While Pufahl and Samuel (2014) and Creel et al. (2012) make a case for the claim that the cognitive representation of words may involve integrated representations of the environmental noise along with the word exemplar, the fact that their stimuli involved speech and noise that spectrally overlapped with one another—that is the frequency range of the speech and noise signals overlapped—allows for another possible explanation. It is plausible that listeners segregate concurrent speech and noise into separate representations in memory, such that, in the case of the Pufahl and Samuel (2014) and Creel et al. (2012) stimuli, the encoded word exemplars would have spectro-temporal gaps as a result of masking from the noise. For example, if the word “cat” were presented concurrently with white noise at 3–4 kHz at 0 dB signal-to-noise ratio (SNR), then a listener might segregate this noise from the speech signal and store them separately. The speech sample’s exemplar would thus contain a spectral gap, or at least a band of degraded speech, at 3–4 kHz as a result of the noise masking the speech signal at these frequencies. This type of representation would also be expected to yield the word recognition and word learning findings from Pufahl and Samuel (2014) and Creel et al. (2012). The lower accuracy rates arising from a change in environmental noise from first to second exposure could have stemmed from the fact that the acoustic characteristics of the segregated speech exemplar from the first exposure would not be an identical match to the characteristics of the presented speech input on the second (test) exposure.1 While this account still involves highly detailed representations of words heard in the context of simultaneous non-linguistic auditory events, it leaves open the possibility that only those auditory events that are closely linked to the auditory word stimulus at the stimulus level will be integrated into the word’s lexical representation.

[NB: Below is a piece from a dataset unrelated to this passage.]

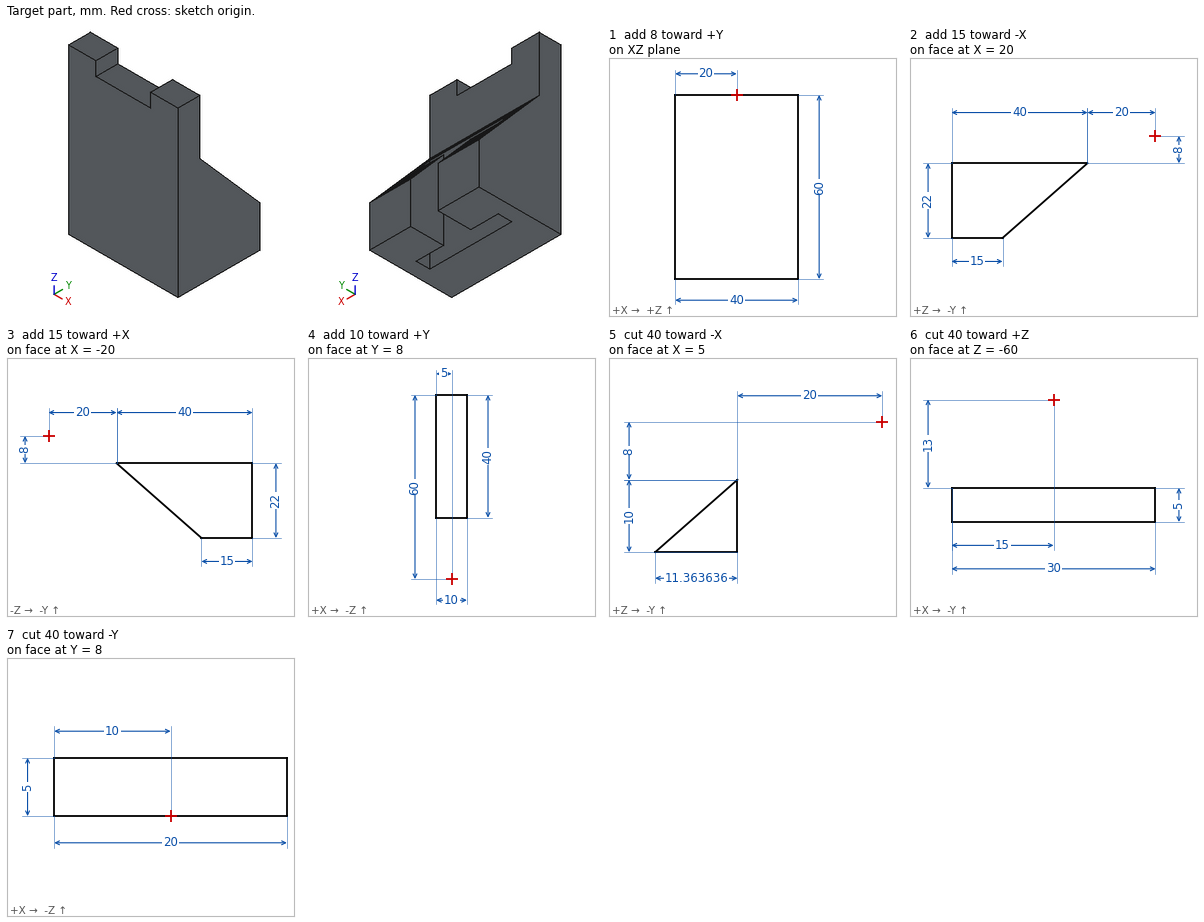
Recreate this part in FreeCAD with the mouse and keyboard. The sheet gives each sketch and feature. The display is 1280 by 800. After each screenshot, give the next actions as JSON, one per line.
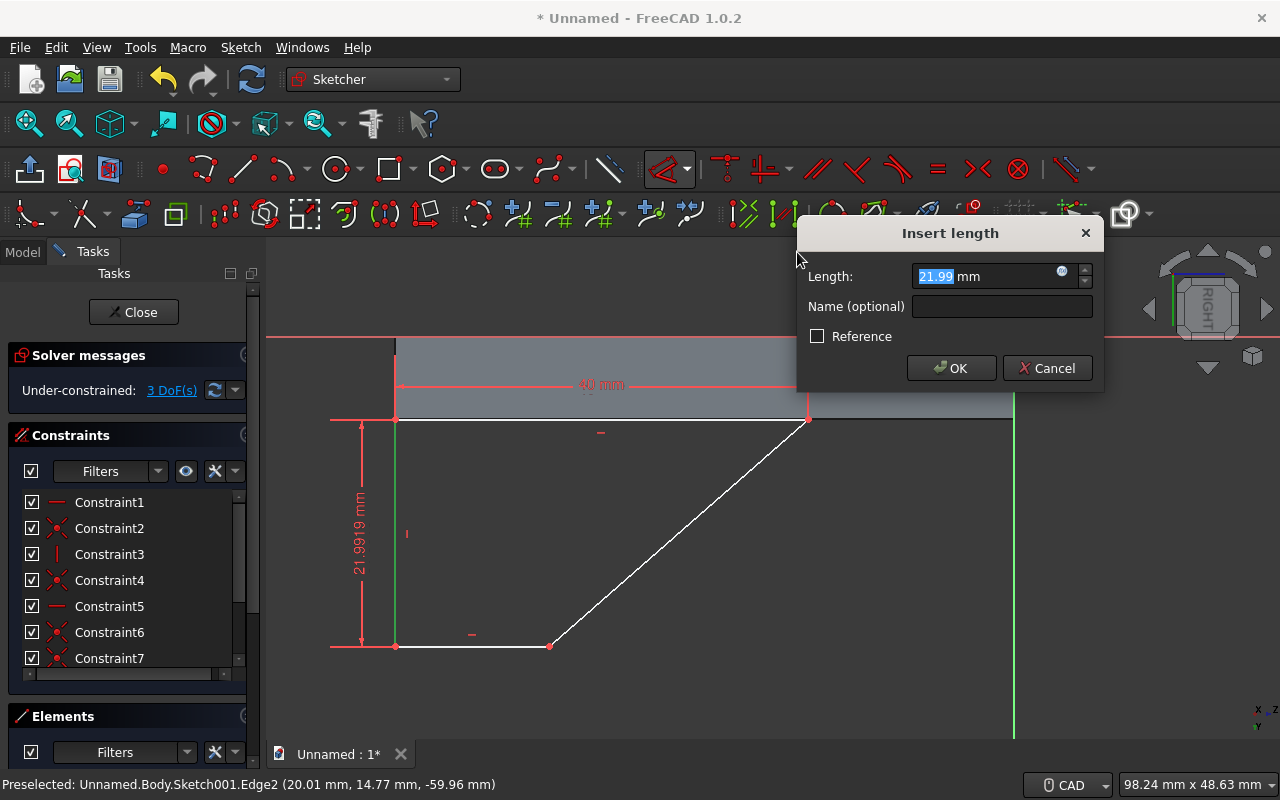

Therefore, a stronger test for the hypothesis that listeners store integrated representations of co-occurring auditory events would be to spectrally separate the speech and noise, such that the acoustic characteristics of the speech would be identical in both same-exemplar and different-exemplar repetitions, with only the characteristics of the noise changing in the case of different-exemplar repetitions. Cooper et al. (2015) tested this hypothesis using disyllabic words with spectrally-segregated and spectrally-overlapping noise in a classification task (Garner speeded classification) as well as a continuous recognition memory paradigm. The Garner task assessed the extent to which listeners could ignore irrelevant background noise variation when asked to classify speech samples (e.g., male/female classification). They reported perceptually integrated processing of speech and noise information at the relatively low (pre-lexical) level of processing tapped by the Garner task, in that classification along a speech dimension was slowed down by variation in the task-irrelevant noise dimension and vice versa, regardless of whether the speech and noise were spectrally overlapping or separated. However, in the recall-based task of continuous recognition memory, they found a specificity effect only in the spectrally-overlapping condition but not in the spectrally segregated condition.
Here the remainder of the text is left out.